2. “A portfolio will contain texts of more than one genre, and multiple genres also lead to a broader basis for judgments, making decisions easier” (319). They identify two underlying assumptions here–that quality of text will vary from genre to genre, and that a portfolio will have multiple genres. If quality does not differ, they say, then there is no viable reason to include multiple genres. If, on the other hand, it does differ, that makes readers’ decisions harder because they must move back and forth between texts, considering earlier texts in light of later texts. Additionally, they say that assumptions one and two seem to also assume that readers will attend to the entire portfolio, which they have not found to be the case. Typically readers move toward a decision while reading the first text and use the rest of their reading to support that decision. They also found that “readers tend to reduce the cognitive–and time–load in portfolio reading by finding short cuts to decisions” (322). Because of this, they claim that students who place their “best” text at the end of the portfolio might be doing themselves a disservice.
3. “Portfolios will make process easier to see in a student’s writing and enable instructors to reward evidence of the ability to bring one’s own text significantly forward in quality” (323). Again, they found this to not be the case because their portfolios did not contain evidence of process–meaning multiple drafts, notes on revisions, etc. If we want to see evidence of process, they advise requiring multiple drafts of a text rather than several “polished” pieces (showcase portfolio).
4. “Portfolio assessment allows pedagogical and curricular values to be taken into account” (324). They claim that this is the case in their assessment because the “connection between curriculum and portfolio is carefully and consistently built” (324).
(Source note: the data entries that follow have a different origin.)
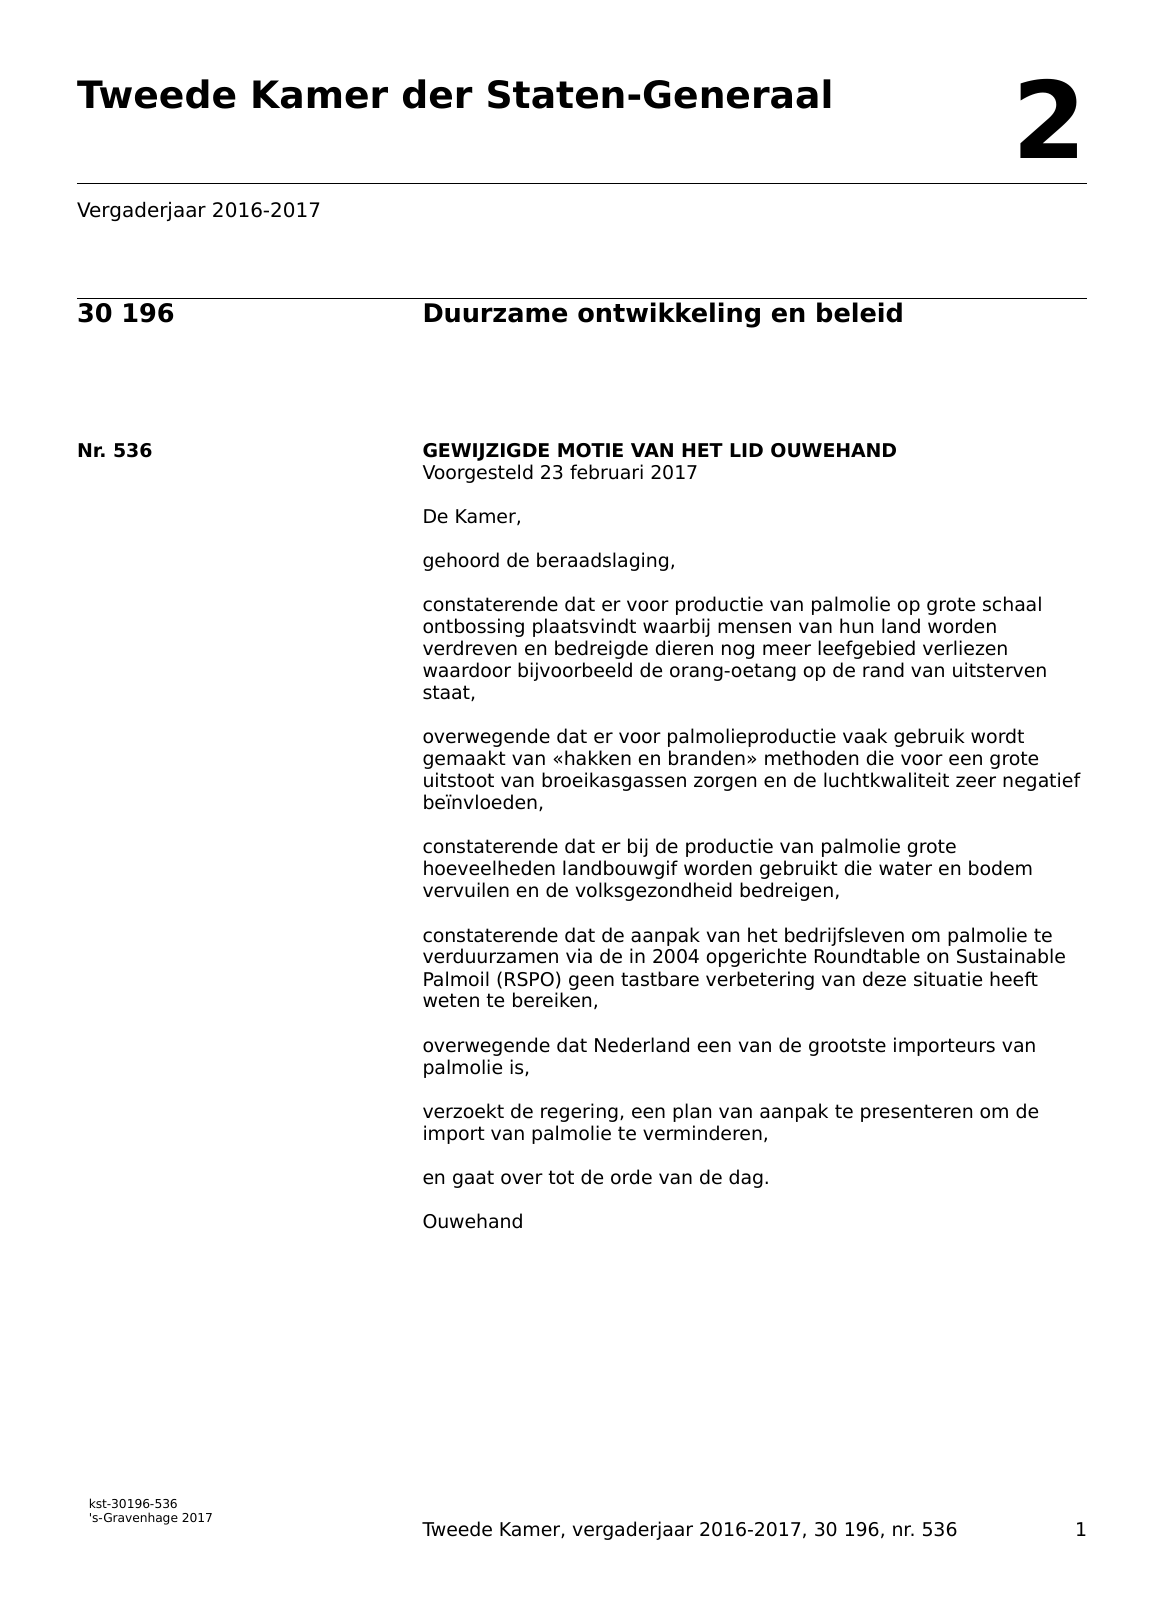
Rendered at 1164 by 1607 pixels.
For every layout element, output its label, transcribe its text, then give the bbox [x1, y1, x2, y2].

table_header 2 [886, 59, 1087, 183]
text constaterende dat er voor productie van palmolie op grote schaal ontbossing plaatsvindt waarbij mensen van hun land worden verdreven en bedreigde dieren nog meer leefgebied verliezen waardoor bijvoorbeeld de orang-oetang op de rand van uitsterven staat, [422, 594, 1087, 704]
subtitle 30 196 Duurzame ontwikkeling en beleid [77, 299, 1087, 329]
text constaterende dat er bij de productie van palmolie grote hoeveelheden landbouwgif worden gebruikt die water en bodem vervuilen en de volksgezondheid bedreigen, [422, 836, 1087, 902]
text overwegende dat er voor palmolieproductie vaak gebruik wordt gemaakt van «hakken en branden» methoden die voor een grote uitstoot van broeikasgassen zorgen en de luchtkwaliteit zeer negatief beïnvloeden, [422, 726, 1087, 814]
text De Kamer, [422, 506, 1087, 528]
text Voorgesteld 23 februari 2017 [422, 462, 1087, 484]
text verzoekt de regering, een plan van aanpak te presenteren om de import van palmolie te verminderen, [422, 1101, 1087, 1145]
text overwegende dat Nederland een van de grootste importeurs van palmolie is, [422, 1034, 1087, 1078]
text en gaat over tot de orde van de dag. [422, 1167, 1087, 1189]
table_header Tweede Kamer der Staten-Generaal [77, 59, 886, 183]
subtitle Nr. 536 GEWIJZIGDE MOTIE VAN HET LID OUWEHAND [77, 440, 1087, 462]
text Ouwehand [422, 1211, 1087, 1233]
text kst-30196-536 [88, 1497, 323, 1511]
table_cell Vergaderjaar 2016-2017 [77, 184, 1087, 298]
text 's-Gravenhage 2017 [88, 1511, 323, 1525]
text constaterende dat de aanpak van het bedrijfsleven om palmolie te verduurzamen via de in 2004 opgerichte Roundtable on Sustainable Palmoil (RSPO) geen tastbare verbetering van deze situatie heeft weten te bereiken, [422, 924, 1087, 1012]
text gehoord de beraadslaging, [422, 550, 1087, 572]
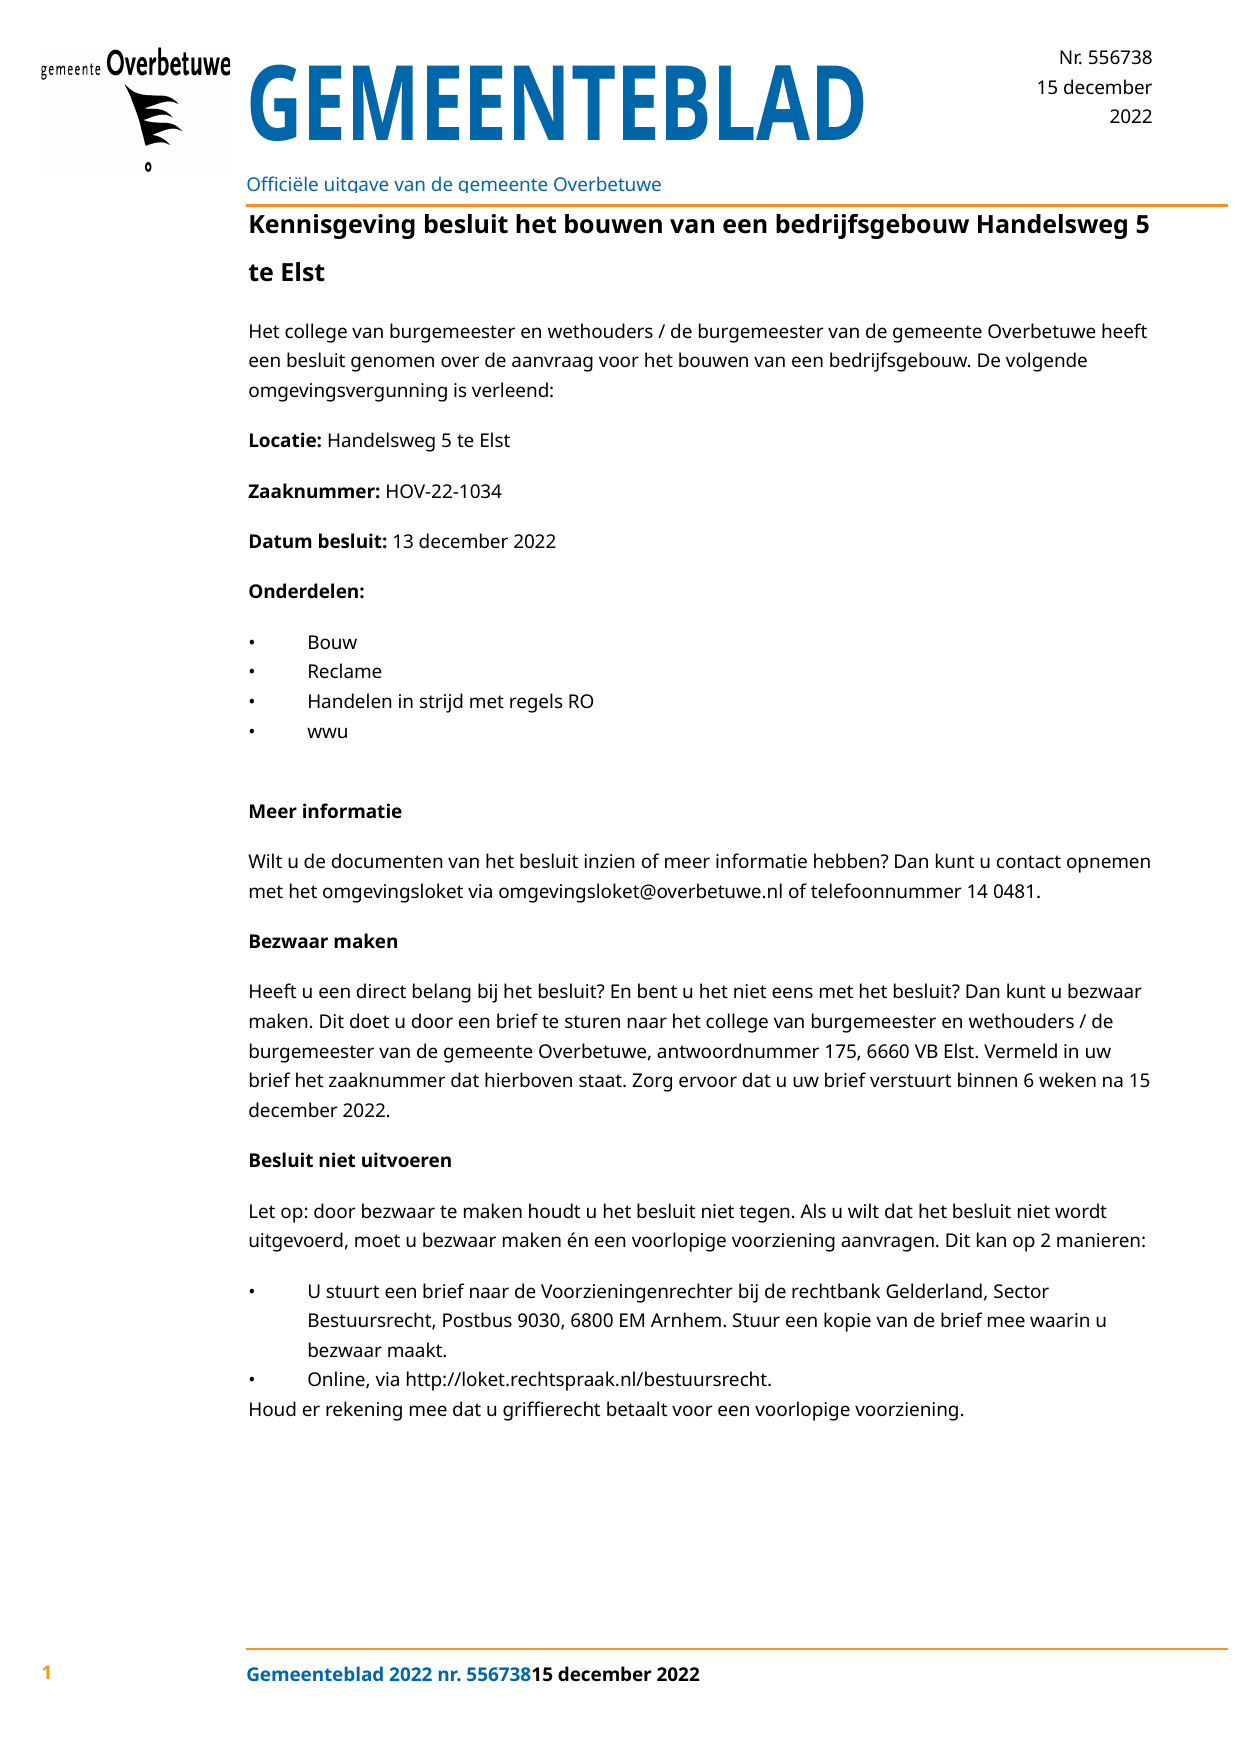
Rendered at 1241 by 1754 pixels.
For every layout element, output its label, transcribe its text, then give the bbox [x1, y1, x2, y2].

text Besluit niet uitvoeren [248, 1147, 1152, 1173]
text Bezwaar maken [248, 928, 1152, 954]
text Het college van burgemeester en wethouders / de burgemeester van de gemeente Overbetuwe heeft een besluit genomen over de aanvraag voor het bouwen van een bedrijfsgebouw. De volgende omgevingsvergunning is verleend: [248, 318, 1152, 403]
text Meer informatie [248, 798, 1152, 824]
list Reclame [248, 659, 1152, 684]
text Houd er rekening mee dat u griffierecht betaalt voor een voorlopige voorziening. [248, 1396, 1152, 1422]
text Locatie: Handelsweg 5 te Elst [248, 427, 1152, 453]
list wwu [248, 718, 1152, 744]
text Onderdelen: [248, 579, 1152, 604]
text Datum besluit: 13 december 2022 [248, 528, 1152, 554]
list Online, via http://loket.rechtspraak.nl/bestuursrecht. [248, 1367, 1152, 1392]
text Wilt u de documenten van het besluit inzien of meer informatie hebben? Dan kunt u contact opnemen met het omgevingsloket via omgevingsloket@overbetuwe.nl of telefoonnummer 14 0481. [248, 848, 1152, 904]
text Let op: door bezwaar te maken houdt u het besluit niet tegen. Als u wilt dat het besluit niet wordt uitgevoerd, moet u bezwaar maken én een voorlopige voorziening aanvragen. Dit kan op 2 manieren: [248, 1198, 1152, 1253]
text Kennisgeving besluit het bouwen van een bedrijfsgebouw Handelsweg 5 te Elst [248, 207, 1152, 288]
picture [41, 47, 231, 172]
text Heeft u een direct belang bij het besluit? En bent u het niet eens met het besluit? Dan kunt u bezwaar maken. Dit doet u door een brief te sturen naar het college van burgemeester en wethouders / de burgemeester van de gemeente Overbetuwe, antwoordnummer 175, 6660 VB Elst. Vermeld in uw brief het zaaknummer dat hierboven staat. Zorg ervoor dat u uw brief verstuurt binnen 6 weken na 15 december 2022. [248, 979, 1152, 1123]
list Handelen in strijd met regels RO [248, 688, 1152, 714]
list Bouw [248, 629, 1152, 655]
list U stuurt een brief naar de Voorzieningenrechter bij de rechtbank Gelderland, Sector Bestuursrecht, Postbus 9030, 6800 EM Arnhem. Stuur een kopie van de brief mee waarin u bezwaar maakt. [248, 1278, 1152, 1363]
text Zaaknummer: HOV-22-1034 [248, 478, 1152, 504]
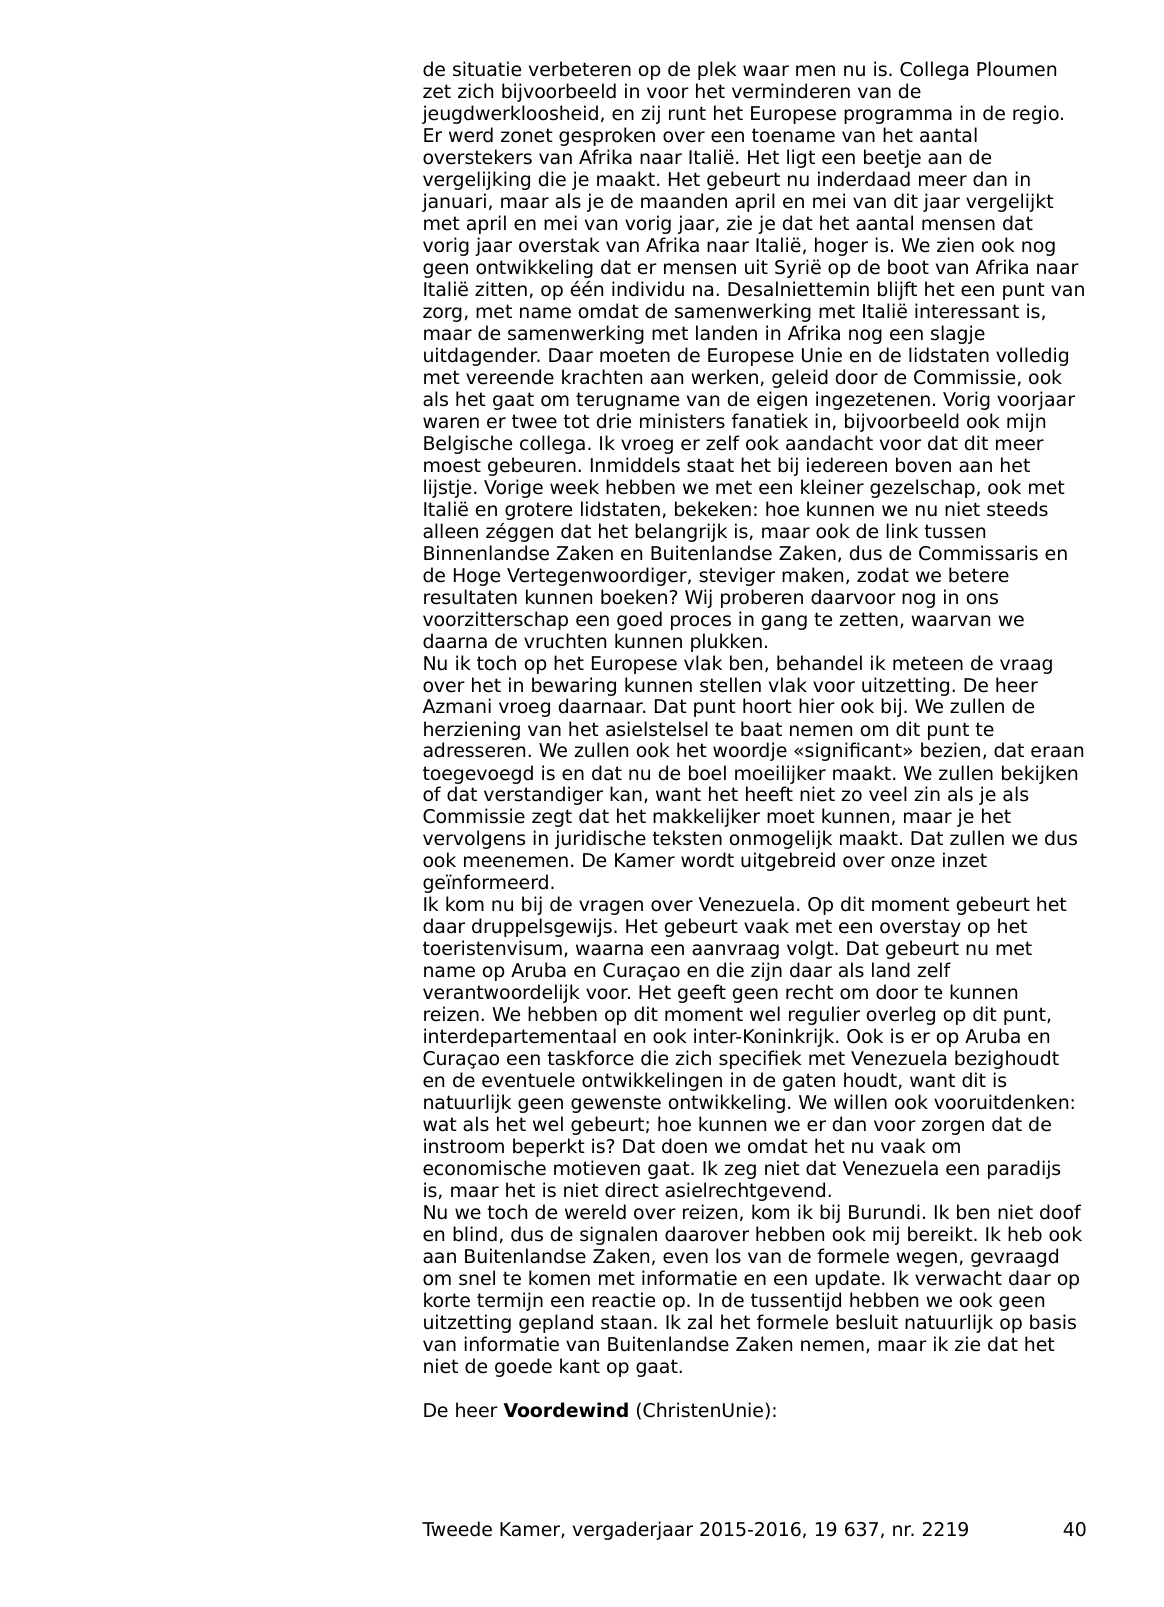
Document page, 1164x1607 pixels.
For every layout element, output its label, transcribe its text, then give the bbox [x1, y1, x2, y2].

text de situatie verbeteren op de plek waar men nu is. Collega Ploumen zet zich bijvoorbeeld in voor het verminderen van de jeugdwerkloosheid, en zij runt het Europese programma in de regio. [422, 59, 1087, 125]
text Nu ik toch op het Europese vlak ben, behandel ik meteen de vraag over het in bewaring kunnen stellen vlak voor uitzetting. De heer Azmani vroeg daarnaar. Dat punt hoort hier ook bij. We zullen de herziening van het asielstelsel te baat nemen om dit punt te adresseren. We zullen ook het woordje «significant» bezien, dat eraan toegevoegd is en dat nu de boel moeilijker maakt. We zullen bekijken of dat verstandiger kan, want het heeft niet zo veel zin als je als Commissie zegt dat het makkelijker moet kunnen, maar je het vervolgens in juridische teksten onmogelijk maakt. Dat zullen we dus ook meenemen. De Kamer wordt uitgebreid over onze inzet geïnformeerd. [422, 652, 1087, 894]
text Ik kom nu bij de vragen over Venezuela. Op dit moment gebeurt het daar druppelsgewijs. Het gebeurt vaak met een overstay op het toeristenvisum, waarna een aanvraag volgt. Dat gebeurt nu met name op Aruba en Curaçao en die zijn daar als land zelf verantwoordelijk voor. Het geeft geen recht om door te kunnen reizen. We hebben op dit moment wel regulier overleg op dit punt, interdepartementaal en ook inter-Koninkrijk. Ook is er op Aruba en Curaçao een taskforce die zich specifiek met Venezuela bezighoudt en de eventuele ontwikkelingen in de gaten houdt, want dit is natuurlijk geen gewenste ontwikkeling. We willen ook vooruitdenken: wat als het wel gebeurt; hoe kunnen we er dan voor zorgen dat de instroom beperkt is? Dat doen we omdat het nu vaak om economische motieven gaat. Ik zeg niet dat Venezuela een paradijs is, maar het is niet direct asielrechtgevend. [422, 894, 1087, 1202]
text Er werd zonet gesproken over een toename van het aantal overstekers van Afrika naar Italië. Het ligt een beetje aan de vergelijking die je maakt. Het gebeurt nu inderdaad meer dan in januari, maar als je de maanden april en mei van dit jaar vergelijkt met april en mei van vorig jaar, zie je dat het aantal mensen dat vorig jaar overstak van Afrika naar Italië, hoger is. We zien ook nog geen ontwikkeling dat er mensen uit Syrië op de boot van Afrika naar Italië zitten, op één individu na. Desalniettemin blijft het een punt van zorg, met name omdat de samenwerking met Italië interessant is, maar de samenwerking met landen in Afrika nog een slagje uitdagender. Daar moeten de Europese Unie en de lidstaten volledig met vereende krachten aan werken, geleid door de Commissie, ook als het gaat om terugname van de eigen ingezetenen. Vorig voorjaar waren er twee tot drie ministers fanatiek in, bijvoorbeeld ook mijn Belgische collega. Ik vroeg er zelf ook aandacht voor dat dit meer moest gebeuren. Inmiddels staat het bij iedereen boven aan het lijstje. Vorige week hebben we met een kleiner gezelschap, ook met Italië en grotere lidstaten, bekeken: hoe kunnen we nu niet steeds alleen zéggen dat het belangrijk is, maar ook de link tussen Binnenlandse Zaken en Buitenlandse Zaken, dus de Commissaris en de Hoge Vertegenwoordiger, steviger maken, zodat we betere resultaten kunnen boeken? Wij proberen daarvoor nog in ons voorzitterschap een goed proces in gang te zetten, waarvan we daarna de vruchten kunnen plukken. [422, 125, 1087, 652]
text Nu we toch de wereld over reizen, kom ik bij Burundi. Ik ben niet doof en blind, dus de signalen daarover hebben ook mij bereikt. Ik heb ook aan Buitenlandse Zaken, even los van de formele wegen, gevraagd om snel te komen met informatie en een update. Ik verwacht daar op korte termijn een reactie op. In de tussentijd hebben we ook geen uitzetting gepland staan. Ik zal het formele besluit natuurlijk op basis van informatie van Buitenlandse Zaken nemen, maar ik zie dat het niet de goede kant op gaat. [422, 1202, 1087, 1378]
text De heer Voordewind (ChristenUnie): [422, 1400, 1087, 1422]

In other words, they create many opportunities for faculty to come together and discuss the portfolios, their pedagogies, the curriculum, etc. Without this kind of working environment, the portfolio may not represent pedagogical and curricular values.
5. “Portfolio assessment aids in building consensus in assessment and instruction” (325). Again, they claim that this is not necessarily always they case. The process of faculty working to find points of agreement and places of compromise is important for the success of this type of assessment.
Their ultimate conclusion is that portfolio assessment should be recursively revised based on faculty conversations, data from the assessment itself, knowledge of what does and does not seem to be working. They also conclude by debating the uses and limitations of external criteria.